Linked by Thom Holwerda on Tue 14th Dec 2010 23:55 UTC, submitted by Oliver
OpenBSD Okay, this is potentially very big news that really needs all the exposure it can get. OpenBSD's Theo de Raadt has received an email in which it was revealed to him that ten years ago, the FBI paid several open source developers to implement hidden backdoors in OpenBSD's IPSEC stack. De Raadt decided to publish the email for all to see, so that the code in question can be reviewed. Insane stuff.
Thread beginning with comment 453624
To read all comments associated with this story, please click here.
So much for the mythical "one thousand eyes"
by MollyC on Wed 15th Dec 2010 04:17 UTC
MollyC
Member since:
2006-07-04

("makes all bugs shallow"), if a few paid-off OSS devs can put backdoors into an OSS OS and they're there for years with nobody noticing.

Reply Score: 3

TheGZeus Member since:
2010-05-19

Well, it actually seems to hold true.
This isn't a bug, it's a _well-designed door_, not just your average hole that results from a bug.
It was probably carefully correct code, but what said code was doing was... evil.
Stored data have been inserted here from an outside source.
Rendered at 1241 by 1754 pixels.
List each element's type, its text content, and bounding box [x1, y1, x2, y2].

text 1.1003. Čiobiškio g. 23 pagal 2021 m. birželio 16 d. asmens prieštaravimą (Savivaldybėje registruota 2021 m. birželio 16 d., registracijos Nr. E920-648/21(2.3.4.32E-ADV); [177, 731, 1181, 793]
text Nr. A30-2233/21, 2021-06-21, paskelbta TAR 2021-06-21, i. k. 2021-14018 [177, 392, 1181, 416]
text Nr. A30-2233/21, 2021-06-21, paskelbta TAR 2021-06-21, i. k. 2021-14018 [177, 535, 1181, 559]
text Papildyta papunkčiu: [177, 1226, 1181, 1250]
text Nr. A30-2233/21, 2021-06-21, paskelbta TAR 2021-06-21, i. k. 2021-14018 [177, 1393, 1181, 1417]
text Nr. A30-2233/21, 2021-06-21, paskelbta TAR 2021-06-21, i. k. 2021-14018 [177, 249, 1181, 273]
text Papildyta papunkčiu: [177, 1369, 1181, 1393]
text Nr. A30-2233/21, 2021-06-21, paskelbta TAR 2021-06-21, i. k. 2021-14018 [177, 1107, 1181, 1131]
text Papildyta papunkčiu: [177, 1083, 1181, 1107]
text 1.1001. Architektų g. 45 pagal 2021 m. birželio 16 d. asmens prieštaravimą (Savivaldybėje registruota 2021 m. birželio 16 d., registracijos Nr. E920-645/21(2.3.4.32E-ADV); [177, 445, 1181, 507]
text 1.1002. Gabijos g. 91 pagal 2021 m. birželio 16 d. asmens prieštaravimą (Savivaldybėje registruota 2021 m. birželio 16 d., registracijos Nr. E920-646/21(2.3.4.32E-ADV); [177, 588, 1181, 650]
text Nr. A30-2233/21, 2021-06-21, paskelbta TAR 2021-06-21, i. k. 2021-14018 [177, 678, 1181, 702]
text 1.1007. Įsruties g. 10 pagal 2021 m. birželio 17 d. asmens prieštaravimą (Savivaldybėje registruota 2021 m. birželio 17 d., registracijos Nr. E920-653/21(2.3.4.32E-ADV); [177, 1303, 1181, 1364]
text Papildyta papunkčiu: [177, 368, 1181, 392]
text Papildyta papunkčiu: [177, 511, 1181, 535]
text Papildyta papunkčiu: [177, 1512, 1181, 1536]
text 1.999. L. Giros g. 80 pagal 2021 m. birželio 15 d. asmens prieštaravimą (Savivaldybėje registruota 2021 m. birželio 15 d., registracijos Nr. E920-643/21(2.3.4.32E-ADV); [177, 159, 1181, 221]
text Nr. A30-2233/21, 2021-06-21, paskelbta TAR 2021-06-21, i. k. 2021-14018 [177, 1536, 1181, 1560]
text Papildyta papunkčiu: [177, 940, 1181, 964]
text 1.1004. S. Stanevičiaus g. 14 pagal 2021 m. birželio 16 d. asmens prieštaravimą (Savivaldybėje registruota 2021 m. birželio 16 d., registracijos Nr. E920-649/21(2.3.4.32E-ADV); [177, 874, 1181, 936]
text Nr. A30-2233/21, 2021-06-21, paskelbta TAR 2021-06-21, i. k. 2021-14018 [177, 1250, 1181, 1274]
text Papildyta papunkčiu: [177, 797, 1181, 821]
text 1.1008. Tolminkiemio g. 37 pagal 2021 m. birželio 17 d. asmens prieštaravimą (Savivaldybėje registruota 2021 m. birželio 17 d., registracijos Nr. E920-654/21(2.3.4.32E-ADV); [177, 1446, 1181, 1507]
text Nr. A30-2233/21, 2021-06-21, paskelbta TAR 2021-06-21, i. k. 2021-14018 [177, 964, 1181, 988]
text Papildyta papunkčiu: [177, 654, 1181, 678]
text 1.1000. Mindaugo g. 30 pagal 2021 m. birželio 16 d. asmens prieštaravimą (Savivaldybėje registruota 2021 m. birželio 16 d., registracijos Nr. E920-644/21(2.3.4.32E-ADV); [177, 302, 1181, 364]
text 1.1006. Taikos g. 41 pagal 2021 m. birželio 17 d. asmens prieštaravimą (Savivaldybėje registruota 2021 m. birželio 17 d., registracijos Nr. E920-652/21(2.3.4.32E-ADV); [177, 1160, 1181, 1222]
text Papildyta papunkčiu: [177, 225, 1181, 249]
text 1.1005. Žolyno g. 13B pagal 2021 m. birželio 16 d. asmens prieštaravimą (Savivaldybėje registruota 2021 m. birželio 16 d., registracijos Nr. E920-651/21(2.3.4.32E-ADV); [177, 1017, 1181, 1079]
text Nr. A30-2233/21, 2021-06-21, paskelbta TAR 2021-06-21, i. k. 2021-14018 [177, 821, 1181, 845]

Even then, generally when a closed project is opened, a _huge_ number of bugs are discovered and fixed.

Even through it will never be none, less is still less.
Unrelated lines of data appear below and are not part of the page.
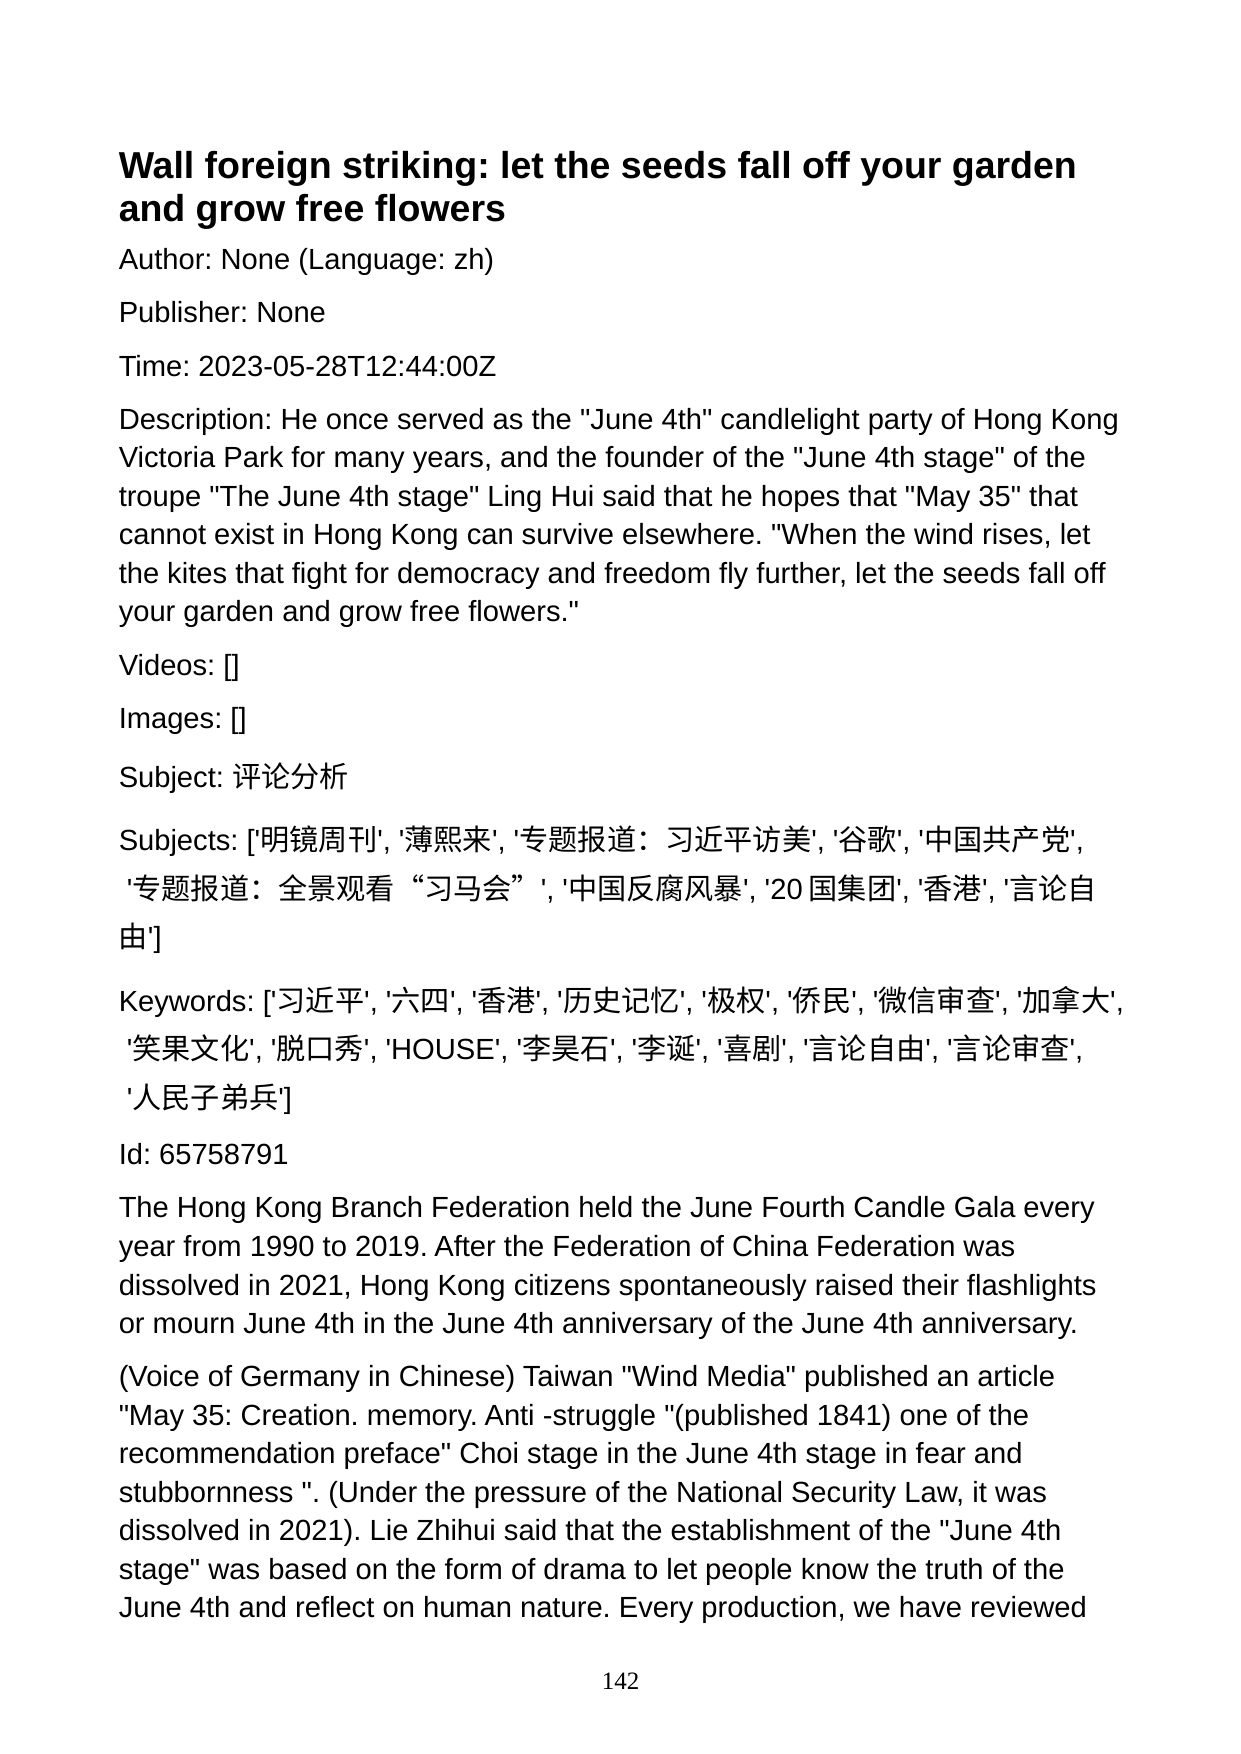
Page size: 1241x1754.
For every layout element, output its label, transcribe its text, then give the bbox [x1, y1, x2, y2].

text Keywords: ['习近平', '六四', '香港', '历史记忆', '极权', '侨民', '微信审查', '加拿大', '笑果文化', '脱口秀', 'HOUSE', '李昊石', '李诞', '喜剧', '言论自由', '言论审查', '人民子弟兵'] [118, 977, 1122, 1116]
text Author: None (Language: zh) [118, 242, 1122, 276]
text Subject: 评论分析 [118, 754, 1122, 796]
text Images: [] [118, 701, 1122, 734]
text Id: 65758791 [118, 1137, 1122, 1171]
subtitle Wall foreign striking: let the seeds fall off your garden and grow free flowers [118, 143, 1122, 230]
text Time: 2023-05-28T12:44:00Z [118, 348, 1122, 382]
text Description: He once served as the "June 4th" candlelight party of Hong Kong Victoria Park for many years, and the founder of the "June 4th stage" of the troupe "The June 4th stage" Ling Hui said that he hopes that "May 35" that cannot exist in Hong Kong can survive elsewhere. "When the wind rises, let the kites that fight for democracy and freedom fly further, let the seeds fall off your garden and grow free flowers." [118, 402, 1122, 628]
text Subjects: ['明镜周刊', '薄熙来', '专题报道：习近平访美', '谷歌', '中国共产党', '专题报道：全景观看“习马会”', '中国反腐风暴', '20国集团', '香港', '言论自由'] [118, 817, 1122, 956]
text The Hong Kong Branch Federation held the June Fourth Candle Gala every year from 1990 to 2019. After the Federation of China Federation was dissolved in 2021, Hong Kong citizens spontaneously raised their flashlights or mourn June 4th in the June 4th anniversary of the June 4th anniversary. [118, 1190, 1122, 1339]
text Publisher: None [118, 295, 1122, 329]
text (Voice of Germany in Chinese) Taiwan "Wind Media" published an article "May 35: Creation. memory. Anti -struggle "(published 1841) one of the recommendation preface" Choi stage in the June 4th stage in fear and stubbornness ". (Under the pressure of the National Security Law, it was dissolved in 2021). Lie Zhihui said that the establishment of the "June 4th stage" was based on the form of drama to let people know the truth of the June 4th and reflect on human nature. Every production, we have reviewed [118, 1359, 1122, 1624]
text Videos: [] [118, 647, 1122, 681]

There are more security bugs reported for Linux than Windows/OS X, but they're generally minor, and are generally fixed more quickly.

Reply Parent Score: 3

google_ninja Member since:
2006-02-05

a bug is when someone makes a mistake in code. a "well-designed door" is a full feature. If you can't catch the get_pwnd_by_fbi() function, then you sure as hell aren't going to catch a bug.

Reply Parent Score: 1

lucas_maximus Member since:
2009-08-18

Well, it actually seems to hold true.
This isn't a bug, it's a _well-designed door_, not just your average hole that results from a bug.
It was probably carefully correct code, but what said code was doing was... evil.
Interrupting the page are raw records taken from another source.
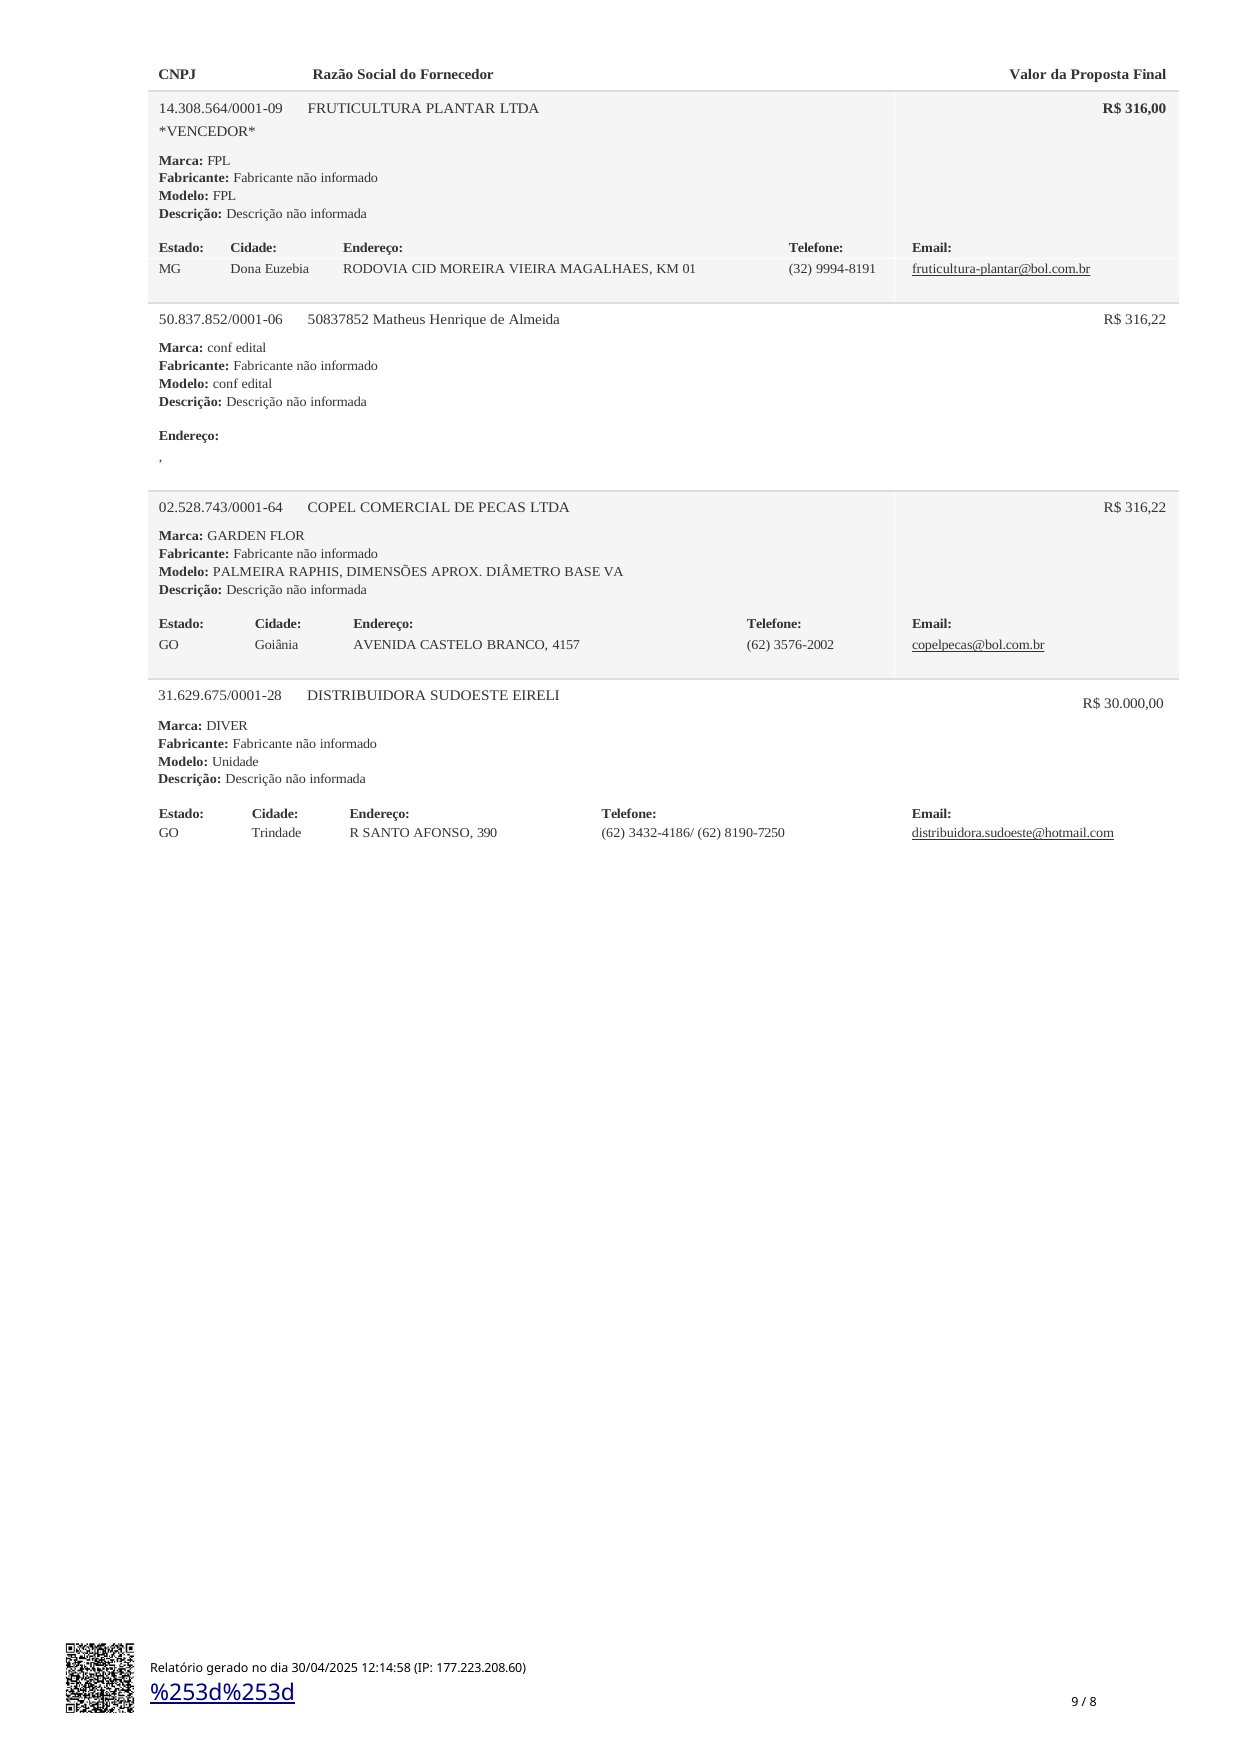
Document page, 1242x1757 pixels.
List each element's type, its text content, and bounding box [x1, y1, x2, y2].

text 31.629.675/0001-28 DISTRIBUIDORA SUDOESTE EIRELI [158, 687, 565, 704]
table_cell [721, 333, 894, 418]
table_cell [895, 419, 1098, 446]
table_cell [895, 446, 1098, 490]
table_cell [1098, 145, 1179, 231]
table_header 14.308.564/0001-09 FRUTICULTURA PLANTAR LTDA *VENCEDOR* [148, 92, 721, 145]
table_cell Marca: FPL Fabricante: Fabricante não informado Modelo: FPL Descrição: Descrição não informada [148, 145, 721, 231]
table_cell [721, 492, 894, 521]
table_header Estado: [155, 805, 228, 824]
table_cell R$ 316,22 [1098, 492, 1179, 521]
table_cell Estado: Cidade: Endereço: [148, 231, 721, 258]
text Fabricante: Fabricante não informado [158, 735, 565, 751]
table_cell (62) 3432-4186/ (62) 8190-7250 [550, 824, 849, 842]
table_cell [1098, 521, 1179, 606]
table_header [895, 92, 1098, 145]
table_cell GO Goiânia AVENIDA CASTELO BRANCO, 4157 [148, 634, 721, 678]
table_cell , [148, 446, 721, 490]
table_cell Telefone: [721, 231, 894, 258]
table_cell copelpecas@bol.com.br [895, 634, 1098, 678]
table_cell [721, 304, 894, 333]
table_header Cidade: [228, 805, 326, 824]
text R$ 30.000,00 [1082, 694, 1183, 711]
table_cell (32) 9994-8191 [721, 259, 894, 302]
table_cell [895, 145, 1098, 231]
table_cell Trindade [228, 824, 326, 842]
table_cell Estado: Cidade: Endereço: [148, 606, 721, 634]
text Marca: DIVER [158, 718, 565, 733]
table_cell Email: [895, 606, 1098, 634]
table_header [721, 92, 894, 145]
table_cell (62) 3576-2002 [721, 634, 894, 678]
table_cell distribuidora.sudoeste@hotmail.com [850, 824, 1125, 842]
table_cell [1098, 446, 1179, 490]
table_cell [721, 446, 894, 490]
table_cell [1098, 634, 1179, 678]
table_cell [895, 333, 1098, 418]
table_cell Email: [895, 231, 1098, 258]
text Modelo: Unidade [158, 753, 565, 769]
table_cell [1098, 419, 1179, 446]
table_header Telefone: [550, 805, 849, 824]
table_cell R SANTO AFONSO, 390 [326, 824, 550, 842]
table_cell [1098, 231, 1179, 258]
table_cell [1098, 606, 1179, 634]
table_cell [721, 419, 894, 446]
table_cell [721, 145, 894, 231]
table_cell 50.837.852/0001-06 50837852 Matheus Henrique de Almeida [148, 304, 721, 333]
table_cell Marca: conf edital Fabricante: Fabricante não informado Modelo: conf edital Descrição: Descrição não informada [148, 333, 721, 418]
table_cell [1098, 333, 1179, 418]
table_cell MG Dona Euzebia RODOVIA CID MOREIRA VIEIRA MAGALHAES, KM 01 [148, 259, 721, 302]
table_cell [895, 304, 1098, 333]
text Descrição: Descrição não informada [158, 771, 565, 787]
table_header Endereço: [326, 805, 550, 824]
table_cell fruticultura-plantar@bol.com.br [895, 259, 1098, 302]
table_cell [1098, 259, 1179, 302]
table_cell GO [155, 824, 228, 842]
table_cell [895, 521, 1098, 606]
table_cell [721, 521, 894, 606]
table_header Email: [850, 805, 1125, 824]
table_cell R$ 316,22 [1098, 304, 1179, 333]
table_cell 02.528.743/0001-64 COPEL COMERCIAL DE PECAS LTDA [148, 492, 721, 521]
table_cell [895, 492, 1098, 521]
table_cell Marca: GARDEN FLOR Fabricante: Fabricante não informado Modelo: PALMEIRA RAPHIS, DIMENSÕES APROX. DIÂMETRO BASE VA Descrição: Descrição não informada [148, 521, 721, 606]
table_cell Endereço: [148, 419, 721, 446]
table_header R$ 316,00 [1098, 92, 1179, 145]
table_cell Telefone: [721, 606, 894, 634]

A software defect (bug) is surely any behaviour the software does that is not in the specification. So a backdoor is a bug.

Edited 2010-12-17 13:32 UTC

Reply Parent Score: 1

AdamW Member since:
2005-07-06

key word: 'if'. none of this is actually proven. it's an allegation.

Reply Parent Score: 2

Valhalla Member since:
2006-01-24

("makes all bugs shallow"), if a few paid-off OSS devs can put backdoors into an OSS OS and they're there for years with nobody noticing.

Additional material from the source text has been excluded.